- [ACTIVITY]: Give the data below again exactly, and drop each picture from it.

:: DATA LISTING ::

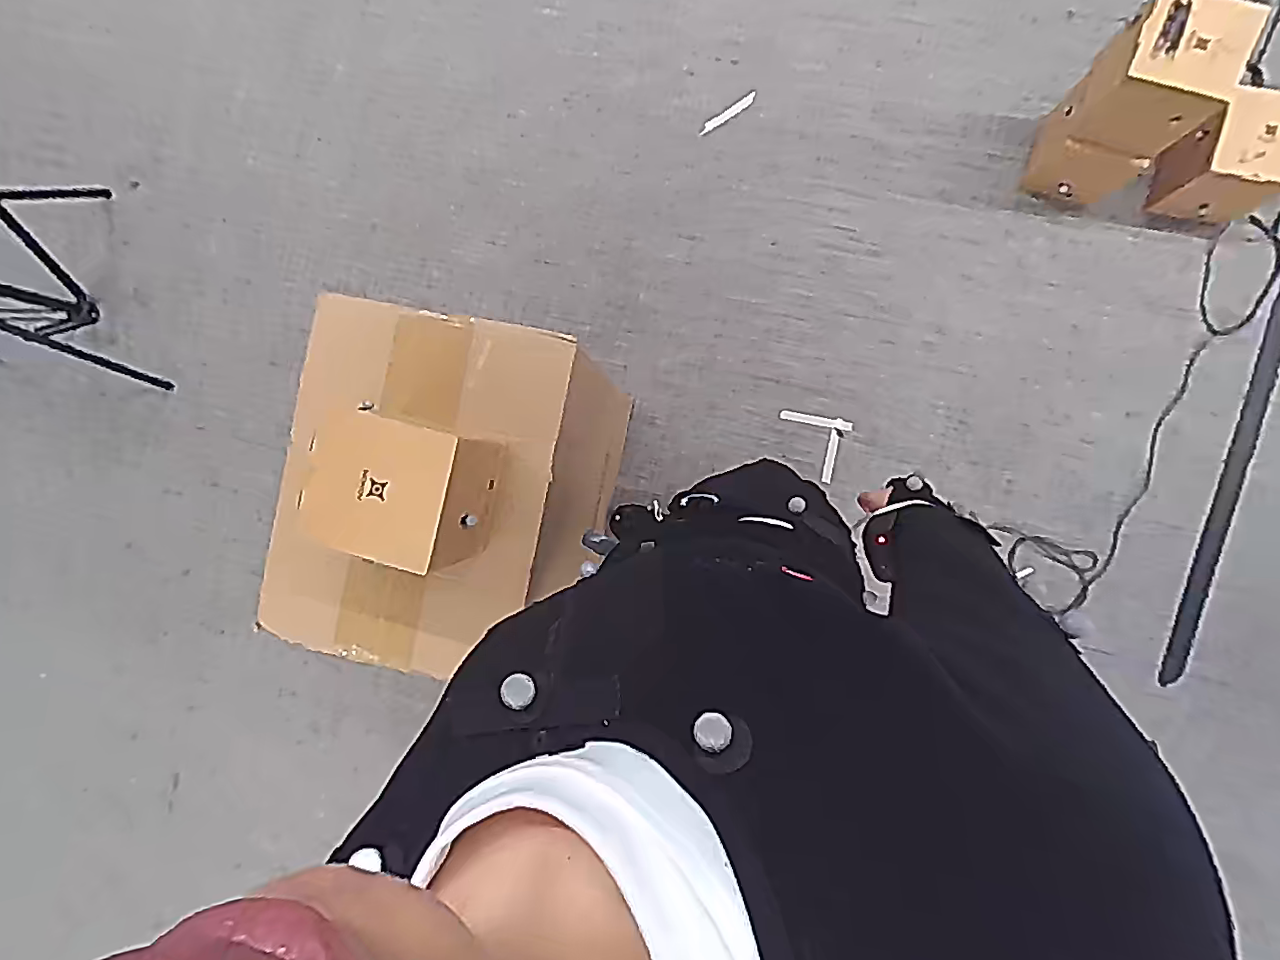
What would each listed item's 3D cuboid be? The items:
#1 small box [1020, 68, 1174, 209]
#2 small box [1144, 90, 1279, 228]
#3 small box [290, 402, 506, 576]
[{"bbox_3d":[0.975,-0.730,1.172,0.168,0.176,0.179,21,94,7],"label":"small box"},{"bbox_3d":[1.231,-0.670,1.142,0.168,0.176,0.179,15,92,8],"label":"small box"},{"bbox_3d":[-0.290,0.008,0.686,0.179,0.176,0.168,14,92,6],"label":"small box"}]
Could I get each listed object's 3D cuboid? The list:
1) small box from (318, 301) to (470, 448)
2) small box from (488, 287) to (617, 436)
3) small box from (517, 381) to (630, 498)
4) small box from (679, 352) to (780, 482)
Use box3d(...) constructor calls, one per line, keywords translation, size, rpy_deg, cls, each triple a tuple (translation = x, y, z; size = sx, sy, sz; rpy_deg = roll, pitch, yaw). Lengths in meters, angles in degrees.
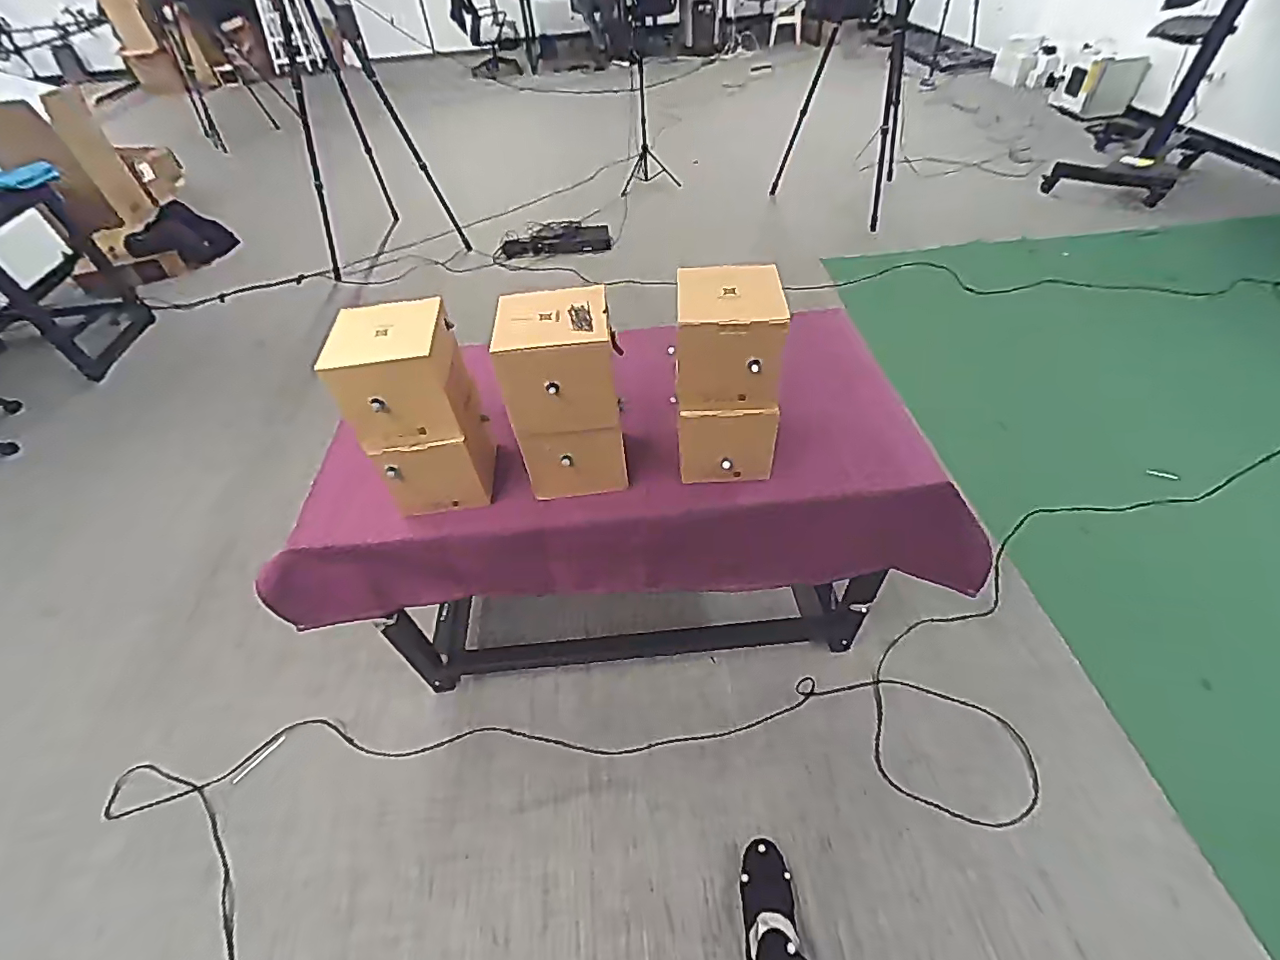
box3d(translation=(-0.389, -0.168, 0.893), size=(0.168, 0.176, 0.179), rpy_deg=(-9, 46, -3), cls="small box")
box3d(translation=(-0.130, -0.190, 0.883), size=(0.179, 0.176, 0.168), rpy_deg=(-6, 47, 1), cls="small box")
box3d(translation=(-0.119, -0.083, 1.008), size=(0.179, 0.176, 0.168), rpy_deg=(-7, 48, 0), cls="small box")
box3d(translation=(0.157, -0.116, 1.008), size=(0.168, 0.176, 0.179), rpy_deg=(-3, 47, 4), cls="small box")
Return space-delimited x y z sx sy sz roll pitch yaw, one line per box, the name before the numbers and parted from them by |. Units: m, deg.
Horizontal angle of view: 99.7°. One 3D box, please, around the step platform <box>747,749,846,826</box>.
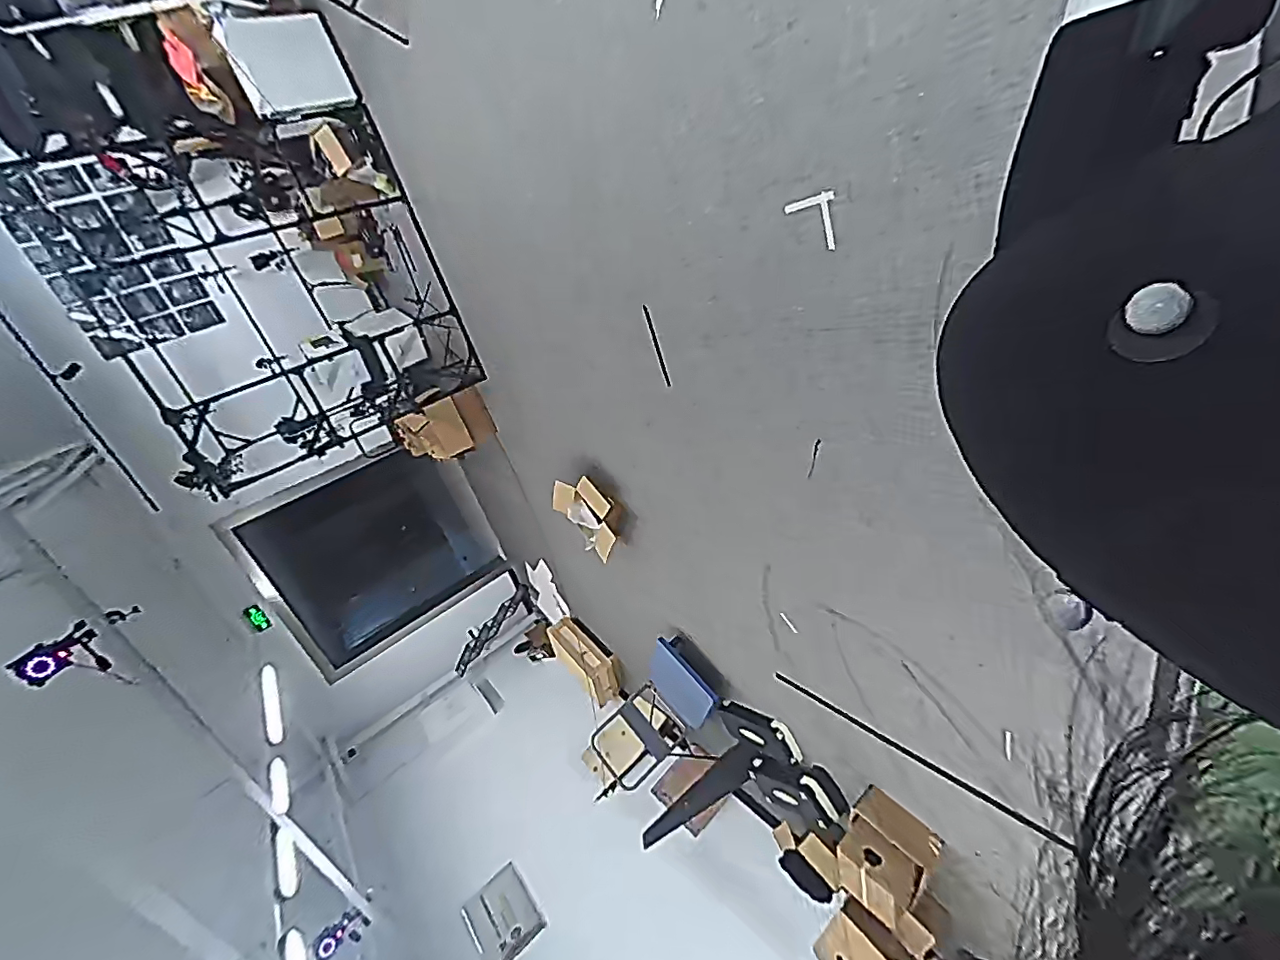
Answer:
step platform | 0.986 1.979 3.503 0.286 0.204 0.684 57 152 1
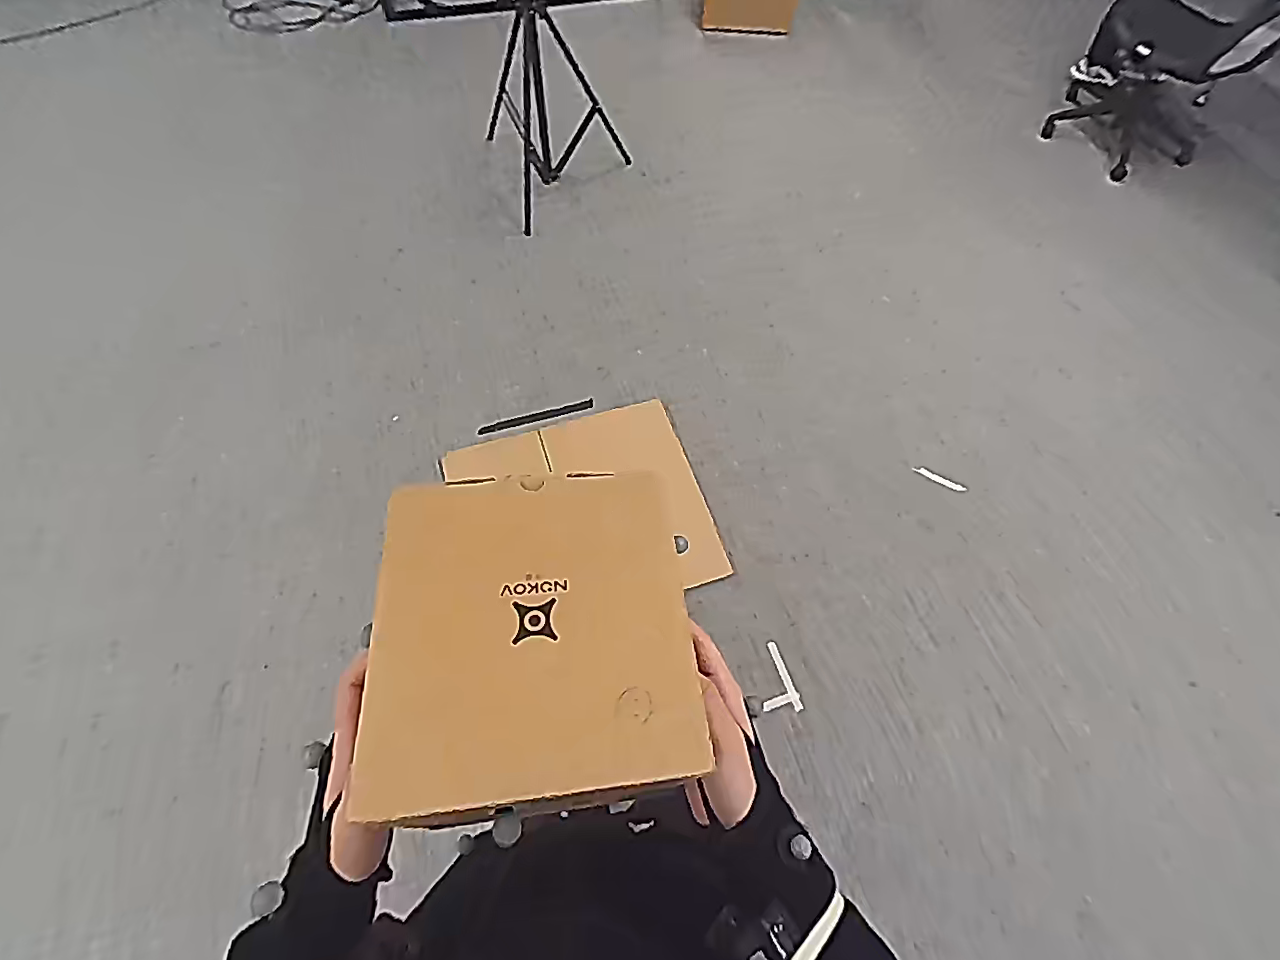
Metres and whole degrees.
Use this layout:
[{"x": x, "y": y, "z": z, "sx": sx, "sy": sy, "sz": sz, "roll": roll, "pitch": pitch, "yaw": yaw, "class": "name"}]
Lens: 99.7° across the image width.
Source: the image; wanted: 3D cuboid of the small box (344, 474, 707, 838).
[{"x": -0.064, "y": 0.117, "z": 0.352, "sx": 0.168, "sy": 0.176, "sz": 0.179, "roll": -4, "pitch": 56, "yaw": -9, "class": "small box"}]
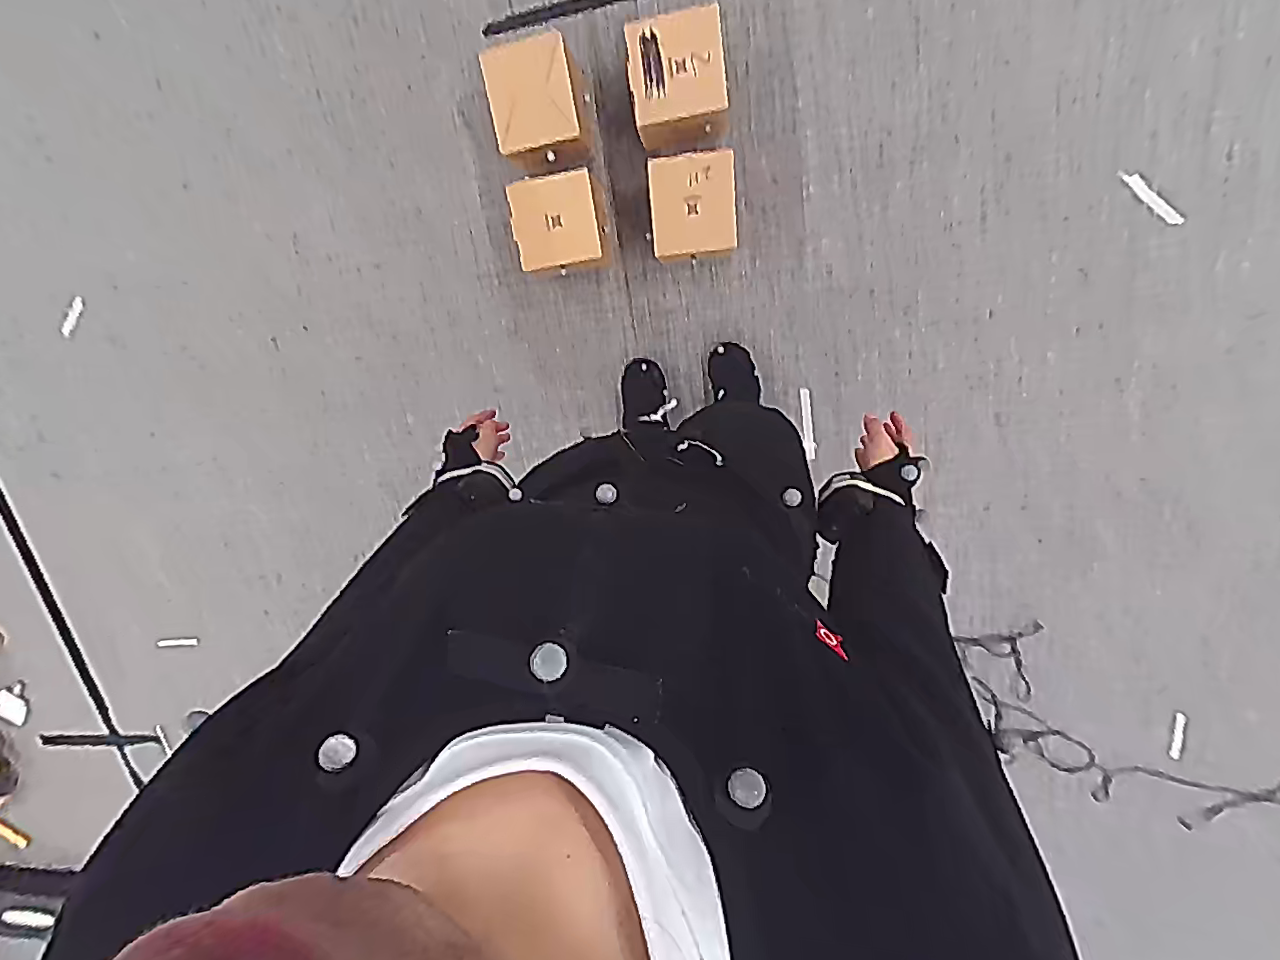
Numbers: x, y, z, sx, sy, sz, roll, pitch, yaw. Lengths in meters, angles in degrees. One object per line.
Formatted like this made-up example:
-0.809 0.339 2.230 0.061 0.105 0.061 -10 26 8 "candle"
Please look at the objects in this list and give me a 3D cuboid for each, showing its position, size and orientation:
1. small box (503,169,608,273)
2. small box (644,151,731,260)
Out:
-0.171 -0.551 1.171 0.179 0.176 0.168 -6 107 10 "small box"
0.104 -0.562 1.132 0.168 0.176 0.179 -3 107 7 "small box"

:::

- [EXERCISE RESPONSE]:
What would each listed item's 3D cuboid be? The items:
#1 small box [1020, 68, 1174, 209]
#2 small box [1144, 90, 1279, 228]
#3 small box [290, 402, 506, 576]
[{"bbox_3d":[0.975,-0.730,1.172,0.168,0.176,0.179,21,94,7],"label":"small box"},{"bbox_3d":[1.231,-0.670,1.142,0.168,0.176,0.179,15,92,8],"label":"small box"},{"bbox_3d":[-0.290,0.008,0.686,0.179,0.176,0.168,14,92,6],"label":"small box"}]
Could I get each listed object's 3D cuboid? The list:
1) small box from (318, 301) to (470, 448)
2) small box from (488, 287) to (617, 436)
3) small box from (517, 381) to (630, 498)
4) small box from (679, 352) to (780, 482)
Use box3d(...) constructor calls, one per line, keywords translation, size, rpy_deg, cls, each triple a tuple (translation = x, y, z; size = sx, sy, sz; rpy_deg = roll, pitch, yaw). Lengths in meters, angles in degrees.
box3d(translation=(-0.389, -0.168, 0.893), size=(0.168, 0.176, 0.179), rpy_deg=(-9, 46, -3), cls="small box")
box3d(translation=(-0.130, -0.190, 0.883), size=(0.179, 0.176, 0.168), rpy_deg=(-6, 47, 1), cls="small box")
box3d(translation=(-0.119, -0.083, 1.008), size=(0.179, 0.176, 0.168), rpy_deg=(-7, 48, 0), cls="small box")
box3d(translation=(0.157, -0.116, 1.008), size=(0.168, 0.176, 0.179), rpy_deg=(-3, 47, 4), cls="small box")
Return space-delimited x y z sx sy sz roll pitch yaw, one line per box, the name before the numbers and parted from them by |. Units: m, deg.
Horizontal angle of view: 99.7°. One 3D box, please, around the step platform <box>747,749,846,826</box>.
Answer:
step platform | 0.986 1.979 3.503 0.286 0.204 0.684 57 152 1
Metres and whole degrees.
Use this layout:
[{"x": x, "y": y, "z": z, "sx": sx, "sy": sy, "sz": sz, "roll": roll, "pitch": pitch, "yaw": yaw, "class": "name"}]
Lens: 99.7° across the image width.
Source: the image; wanted: 3D cuboid of the small box (344, 474, 707, 838).
[{"x": -0.064, "y": 0.117, "z": 0.352, "sx": 0.168, "sy": 0.176, "sz": 0.179, "roll": -4, "pitch": 56, "yaw": -9, "class": "small box"}]
Numbers: x, y, z, sx, sy, sz, roll, pitch, yaw. Lengths in meters, angles in degrees. One object per line.
Formatted like this made-up example:
-0.809 0.339 2.230 0.061 0.105 0.061 -10 26 8 "candle"
Please look at the objects in this list and give me a 3D cuboid for each, showing its position, size and orientation:
1. small box (503,169,608,273)
2. small box (644,151,731,260)
Out:
-0.171 -0.551 1.171 0.179 0.176 0.168 -6 107 10 "small box"
0.104 -0.562 1.132 0.168 0.176 0.179 -3 107 7 "small box"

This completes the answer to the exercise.